## Parallel Processing with Dask 

![image.png](attachment:7cfb1c74-17f0-491b-9899-aae50b1a679d.png)

## Agenda

 - Big Data 
 - Dask
 - DAG - Directed Acyclic Graphs 
 - Advantages of Dask

## Big Data

<center> <font size="6px">How would you characterize "Big Data"?</font></center>

## What is Dask? 

 - [Dask](https://docs.dask.org/en/stable/) is a flexible library for parallel computing in Python
 - Dask was launched 2014 by _Matthew Rocklin_ 
   - **aim**: bring native scalability to Python Open Data Science Stack and overcome single-machine restrictions 

## Dask 

 - Dask is composed of two parts:
   - **dynamic task scheduling** optimized for computation 
   - **"big data" collections** like parallel arrays, dataframes and lists 
     - these parallel collections run on top of dynamic schedulers 

## Dask Task Graphs 

![image.png](attachment:a46a57e8-696a-49eb-a558-d7cbd89b5411.png)

## Dask Components 

![image.png](attachment:950dfc58-382a-4b4e-9b09-e630e6930142.png)
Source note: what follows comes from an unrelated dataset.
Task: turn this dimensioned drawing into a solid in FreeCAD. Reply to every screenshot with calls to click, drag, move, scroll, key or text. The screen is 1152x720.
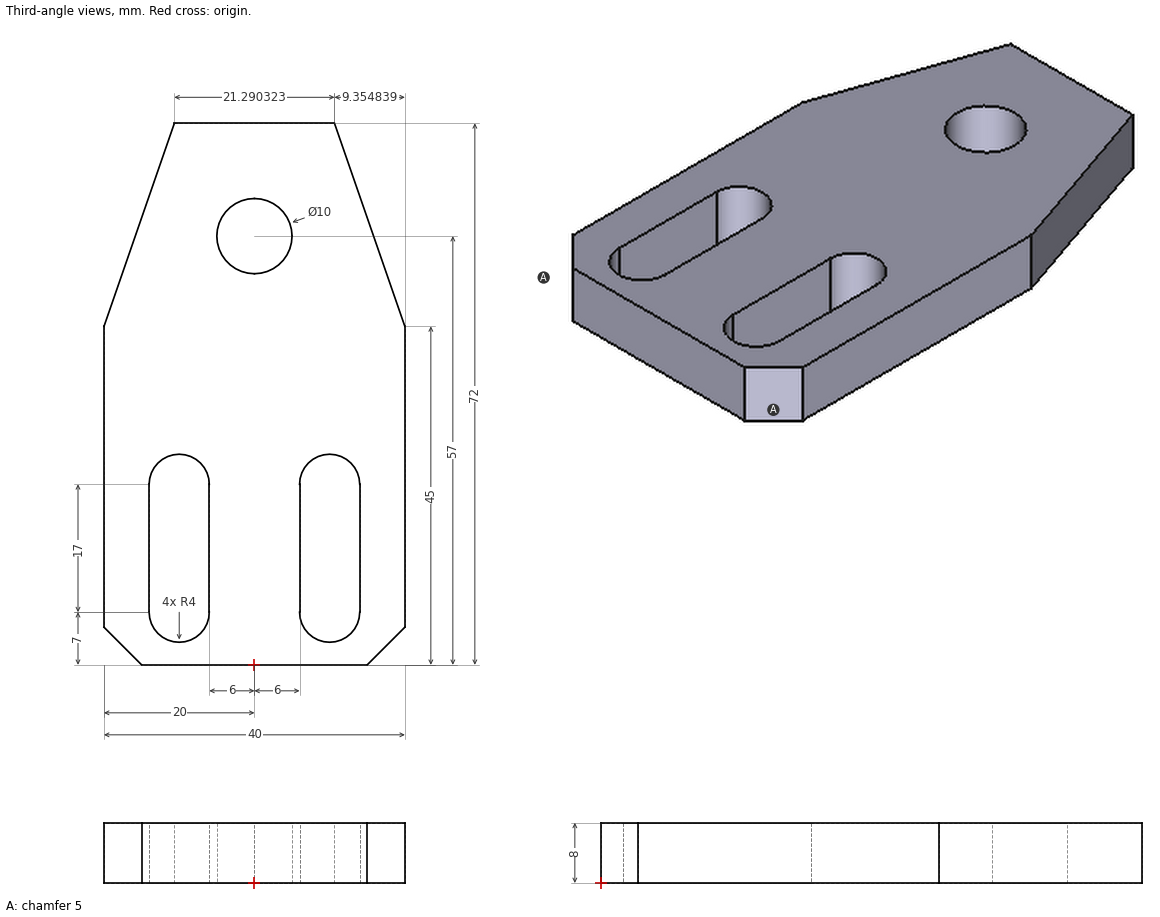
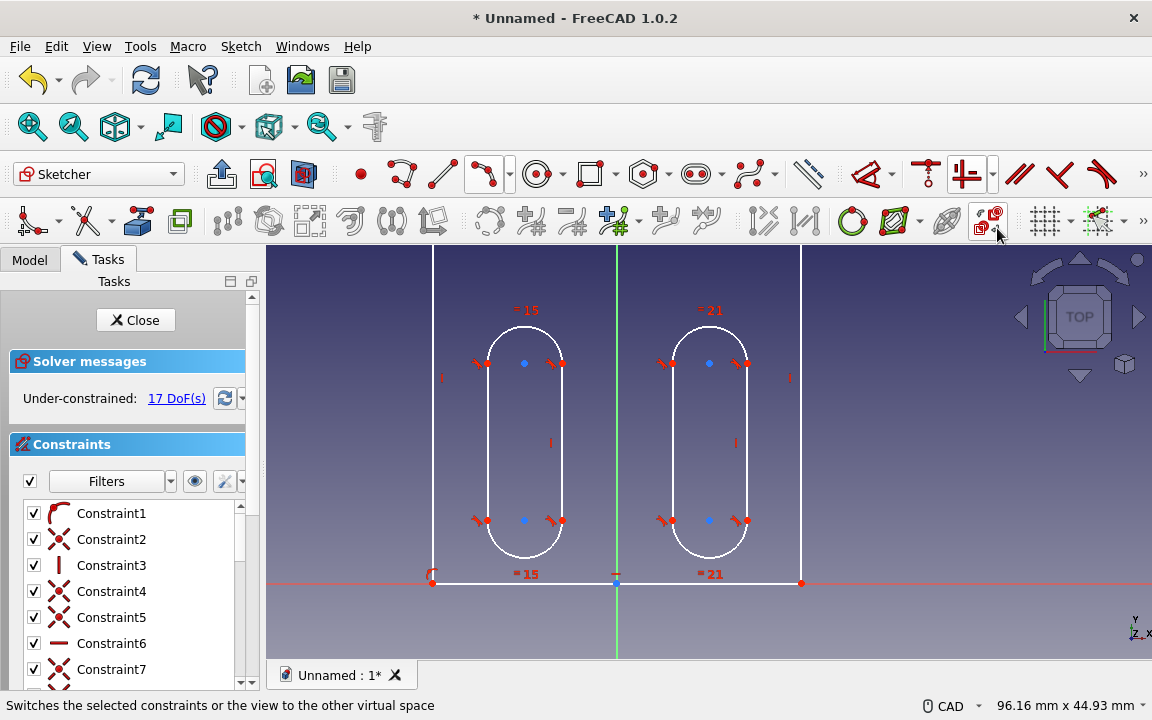
click(503, 551)

## DAGs - Directed Acyclic Graphs 

 - graph theory describes a graph as a representation of a set of objects that have a relationship with one another
 - [Wikipedia](https://en.wikipedia.org/wiki/Directed_acyclic_graph): a **DAG** consists of vertices and edges, with each edge _directed_ from one vertex to another, such that following those directions will _never form a closed loop_
   - there is <font color="red">one logical, one-way traversal through the graph</font> from nodes with no dependencies to a single terminal node
 - Dask’s task schedulers use the concept of directed acyclic graphs to **compose**, **control** and **express** computations

## DAG of a Recipe 

![image.png](attachment:af450ad1-9820-45af-8409-bc3f24cd366e.png)

## Concurrency 

- <font color="red">resource starvation</font>: a process is denied necessary resources to process its work 
- <font color="red">resource lock</font>: when a shared resource is in use, a resource lock is placed on it
   - other workers can't [steal](https://distributed.dask.org/en/stable/work-stealing.html) the resource until the worker who locked the resource is finished using it
- the **task scheduler** in a scalable computing framework deals with resource contention and locking 

## Recovering from failures

- increasingly difficult to orchestrate distribution of processing tasks as the cluster size increases
- <font color="red">worker failure</font>: no data loss -- the work that the failed worker completed does not need to be reproduced
    - no severe impact to performance 
- <font color="red">data loss</font>: the complete lineage of operations up to a given node can be "replayed" in the event of a failure 
    - significant impact to performance
    - task-scheduler responsible for stopping work and redistributing work to be replayed 

## Lazy Computations

 - lazy computations allow Dask to <font style="color:rgb(25,118,210)">split work into smaller logical pieces</font> 
   - you can avoid loading the entire data structure into memory 
 - the computations we defined are represented by a DAG, but we still need to specify
   - where the computations will take place 
   - where the results of each computation should be transferred to 
 - the task scheduler dynamically assesses what work has been completed, what work is left to do, and what resources are free to accept additional work in real time
   - allows handling of issues with worker failures, network unreliability and workers completing work at different speeds

## [Data Locality](https://distributed.dask.org/en/stable/locality.html)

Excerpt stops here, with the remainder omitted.